# YOUR GOAL
Copy out every entry that follows, without a single picture.
*** Block opens ***
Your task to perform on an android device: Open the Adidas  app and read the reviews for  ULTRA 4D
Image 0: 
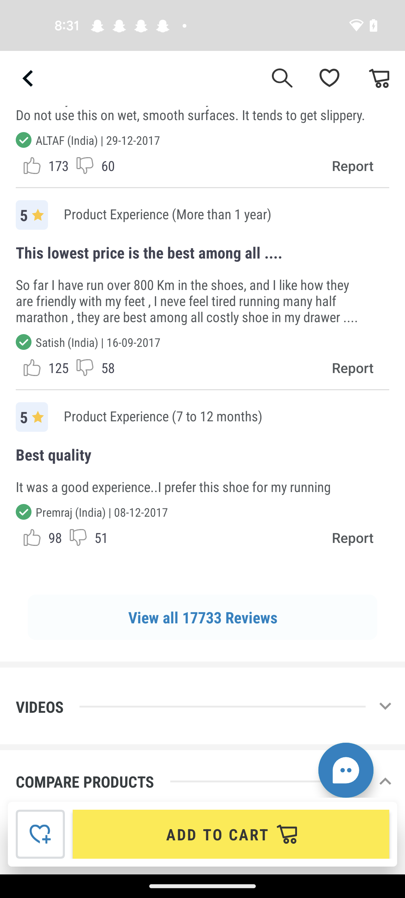
open Adidas app
Step 0: open app "adidas"
Image 2: 
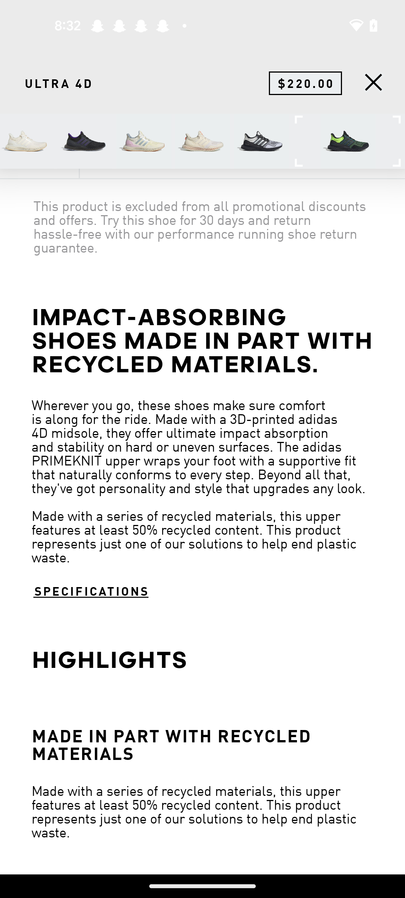
Swipe up to see the reviews options  
Step 2: scroll down
Image 3: 
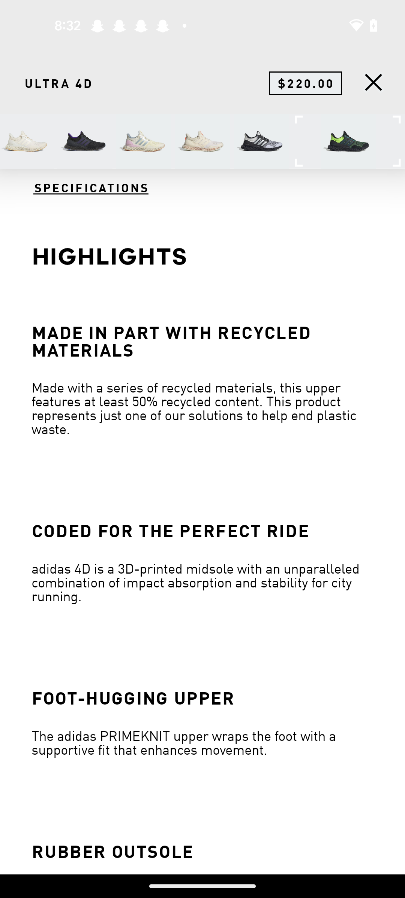
Swipe up to see the reviews options  
Step 3: scroll down
Image 4: 
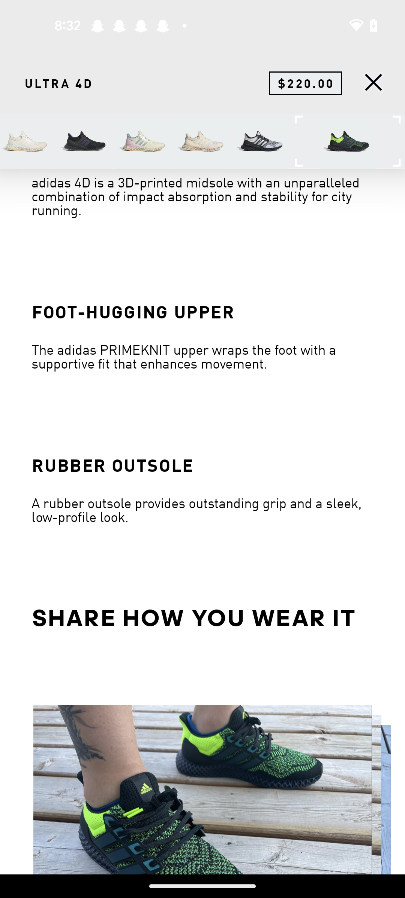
*** Block closes ***
# RESPONSE TO THE EXERCISE
Your task to perform on an android device: Open the Adidas  app and read the reviews for  ULTRA 4D
Image 0: 
open Adidas app
Step 0: open app "adidas"
Image 2: 
Swipe up to see the reviews options  
Step 2: scroll down
Image 3: 
Swipe up to see the reviews options  
Step 3: scroll down
Image 4: 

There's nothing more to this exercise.